* Task inputs *
──────────────────────────────

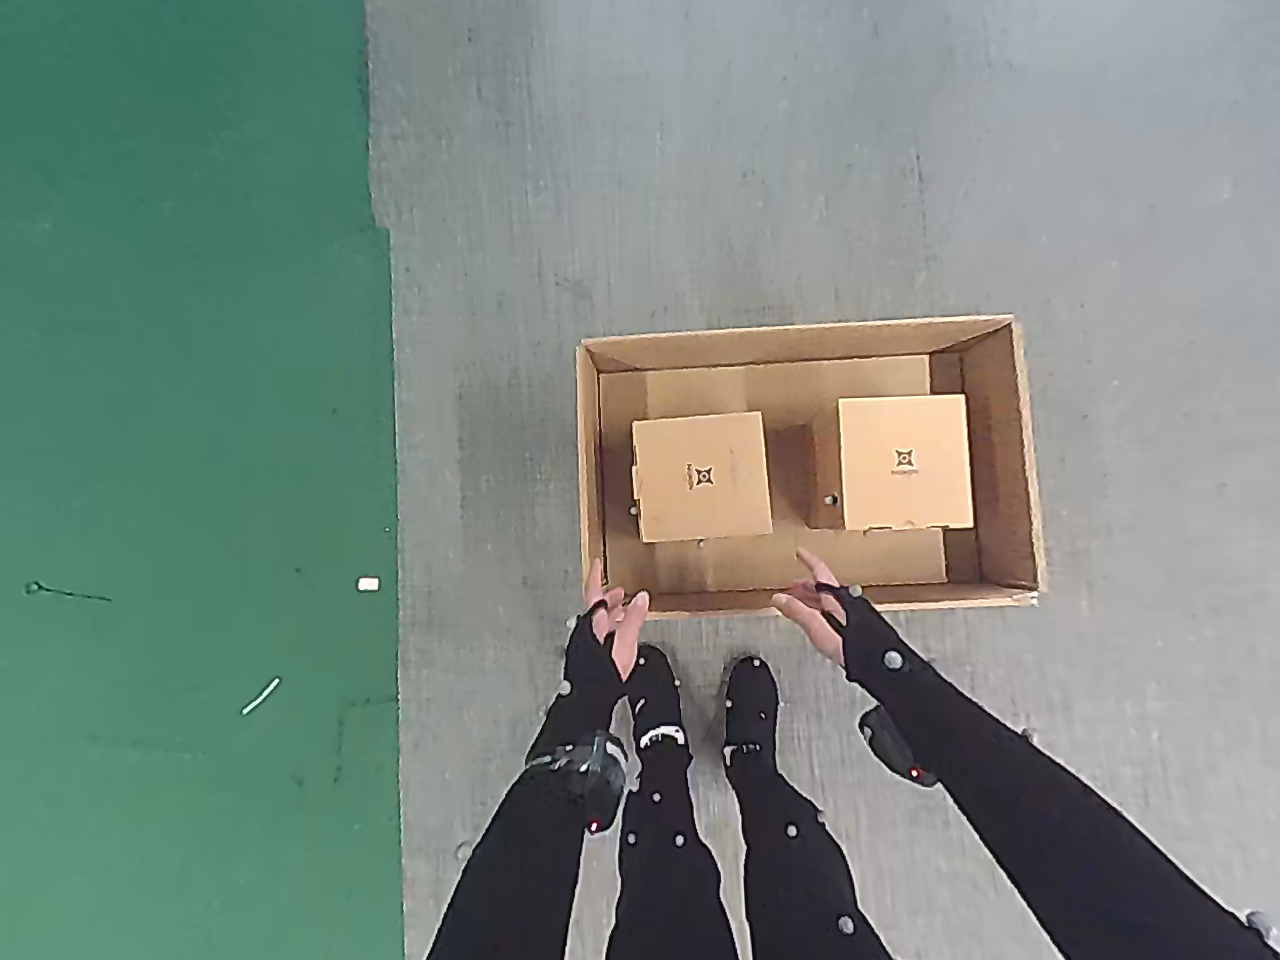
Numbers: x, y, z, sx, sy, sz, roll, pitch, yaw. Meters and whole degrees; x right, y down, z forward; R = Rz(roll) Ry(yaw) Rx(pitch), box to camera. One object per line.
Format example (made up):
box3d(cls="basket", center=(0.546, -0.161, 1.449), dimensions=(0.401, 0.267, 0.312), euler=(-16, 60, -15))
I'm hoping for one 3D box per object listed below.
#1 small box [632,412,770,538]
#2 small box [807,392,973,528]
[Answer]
box3d(cls="small box", center=(0.084, 0.001, 0.795), dimensions=(0.179, 0.176, 0.168), euler=(-3, 86, 1))
box3d(cls="small box", center=(0.346, -0.020, 0.781), dimensions=(0.168, 0.176, 0.179), euler=(-2, 86, 3))
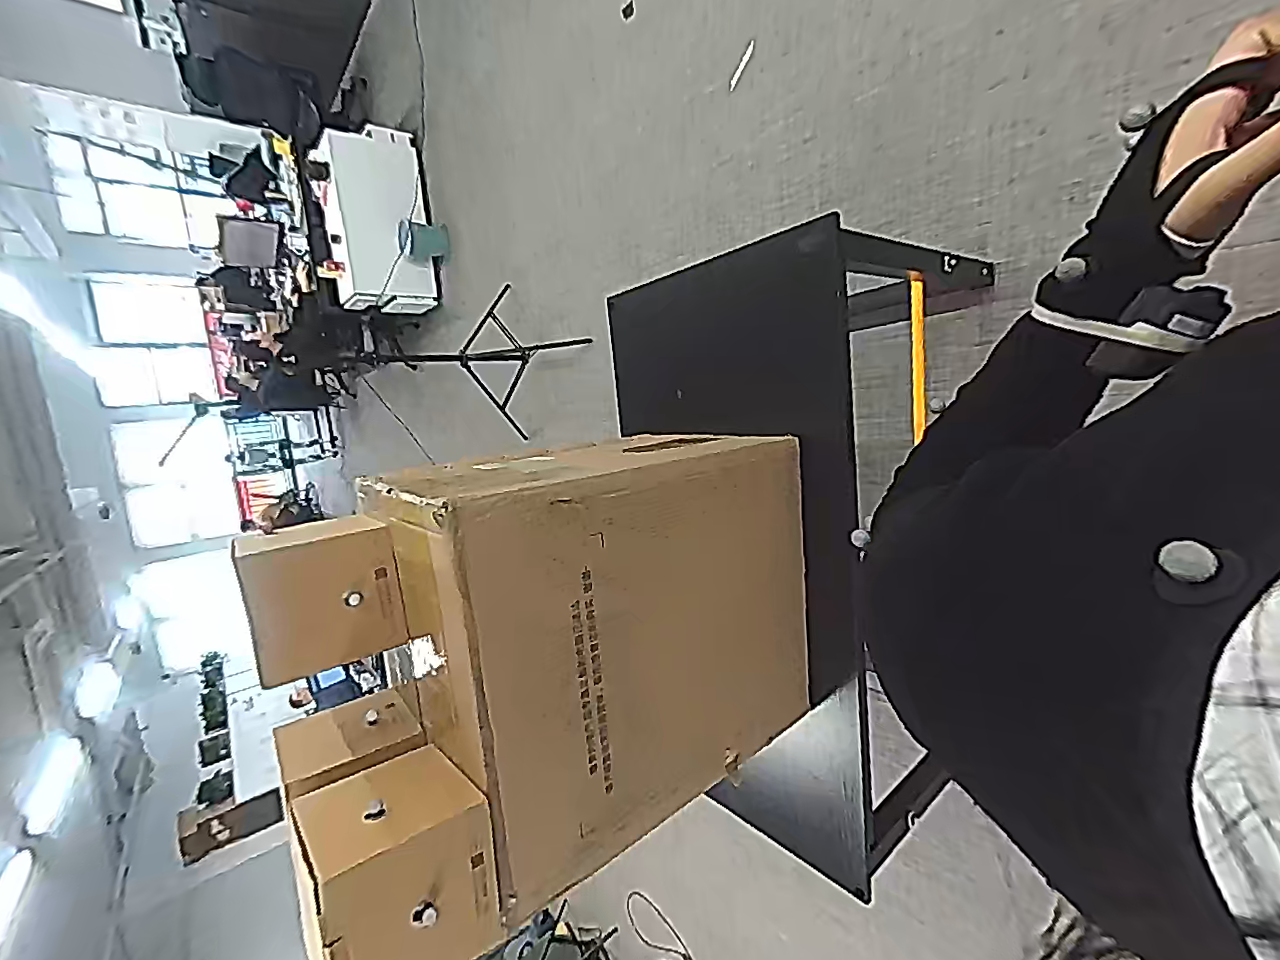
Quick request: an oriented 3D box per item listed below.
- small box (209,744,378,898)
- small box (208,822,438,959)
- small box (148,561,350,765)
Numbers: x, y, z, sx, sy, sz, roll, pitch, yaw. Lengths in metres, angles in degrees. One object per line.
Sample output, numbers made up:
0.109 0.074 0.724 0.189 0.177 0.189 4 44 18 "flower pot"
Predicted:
-0.441 0.490 0.708 0.168 0.176 0.179 6 103 52 "small box"
-0.313 0.492 0.547 0.179 0.176 0.168 -3 94 49 "small box"
-0.476 0.207 0.676 0.179 0.176 0.168 3 103 53 "small box"
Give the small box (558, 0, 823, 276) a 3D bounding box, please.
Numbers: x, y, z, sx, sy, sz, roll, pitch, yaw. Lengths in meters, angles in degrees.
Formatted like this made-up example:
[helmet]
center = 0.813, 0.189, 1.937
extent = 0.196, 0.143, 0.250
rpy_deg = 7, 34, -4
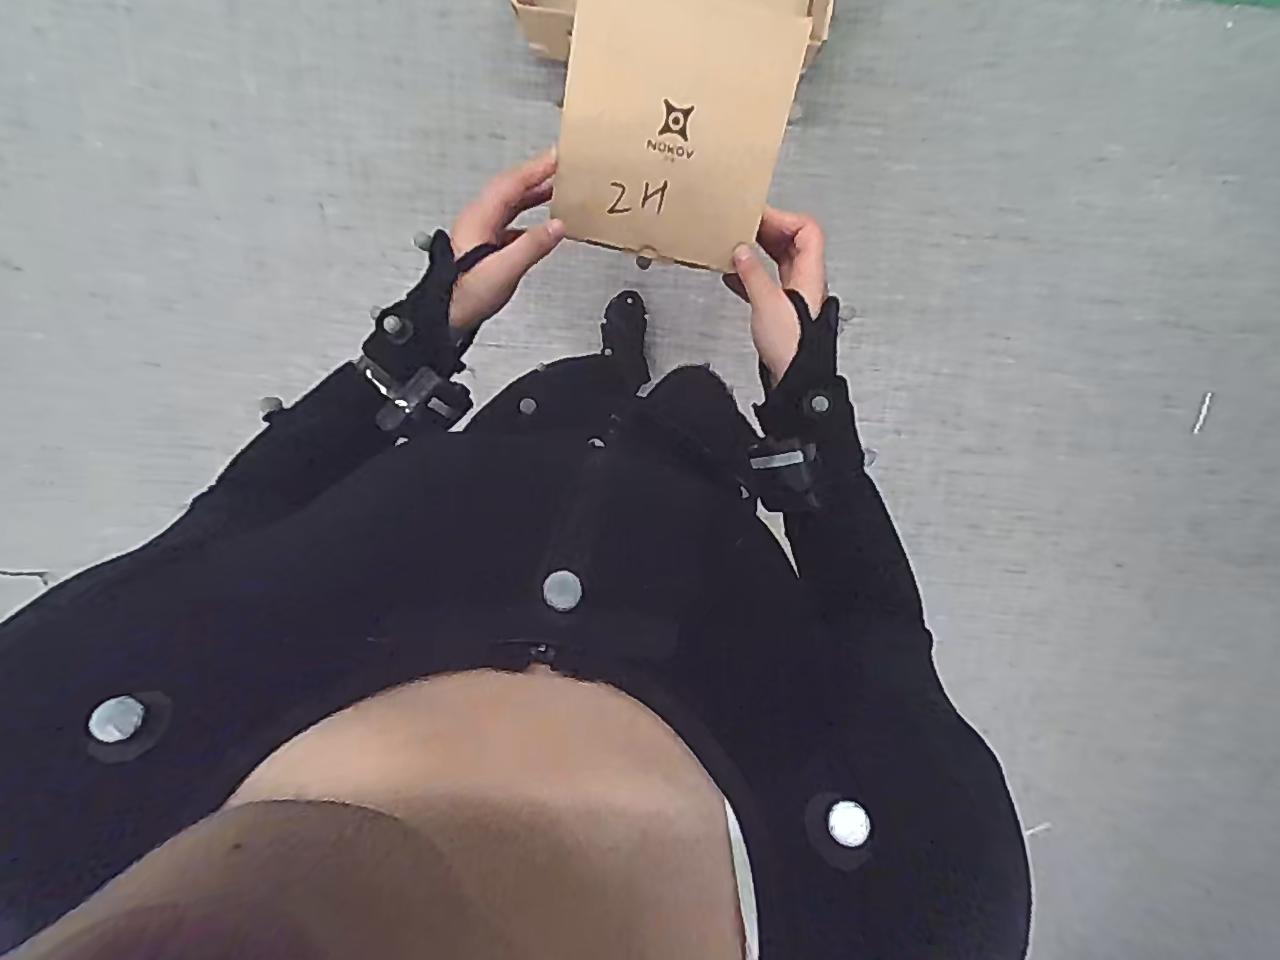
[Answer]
[small box]
center = 0.029, -0.292, 0.471
extent = 0.168, 0.176, 0.179
rpy_deg = 10, 115, -6

──────────────────────────────

* Exercise *
If a record holds a picture, drop the picture and return the rest of it exactly.

* Expected answer *
Numbers: x, y, z, sx, sy, sz, roll, pitch, yaw. Meters and whole degrees; x right, y down, z forward; R = Rz(roll) Ry(yaw) Rx(pitch), box to camera. One object per line.
Format example (made up):
box3d(cls="basket", center=(0.546, -0.161, 1.449), dimensions=(0.401, 0.267, 0.312), euler=(-16, 60, -15))
I'm hoping for one 3D box per object listed below.
#1 small box [632,412,770,538]
#2 small box [807,392,973,528]
[Answer]
box3d(cls="small box", center=(0.084, 0.001, 0.795), dimensions=(0.179, 0.176, 0.168), euler=(-3, 86, 1))
box3d(cls="small box", center=(0.346, -0.020, 0.781), dimensions=(0.168, 0.176, 0.179), euler=(-2, 86, 3))
Quick request: an oriented 3D box per item listed below.
- small box (209,744,378,898)
- small box (208,822,438,959)
- small box (148,561,350,765)
Numbers: x, y, z, sx, sy, sz, roll, pitch, yaw. Lengths in metres, angles in degrees. One object per line.
Sample output, numbers made up:
0.109 0.074 0.724 0.189 0.177 0.189 4 44 18 "flower pot"
Predicted:
-0.441 0.490 0.708 0.168 0.176 0.179 6 103 52 "small box"
-0.313 0.492 0.547 0.179 0.176 0.168 -3 94 49 "small box"
-0.476 0.207 0.676 0.179 0.176 0.168 3 103 53 "small box"
Give the small box (558, 0, 823, 276) a 3D bounding box, please.
Numbers: x, y, z, sx, sy, sz, roll, pitch, yaw. Lengths in meters, angles in degrees.
Formatted like this made-up example:
[helmet]
center = 0.813, 0.189, 1.937
extent = 0.196, 0.143, 0.250
rpy_deg = 7, 34, -4
[Answer]
[small box]
center = 0.029, -0.292, 0.471
extent = 0.168, 0.176, 0.179
rpy_deg = 10, 115, -6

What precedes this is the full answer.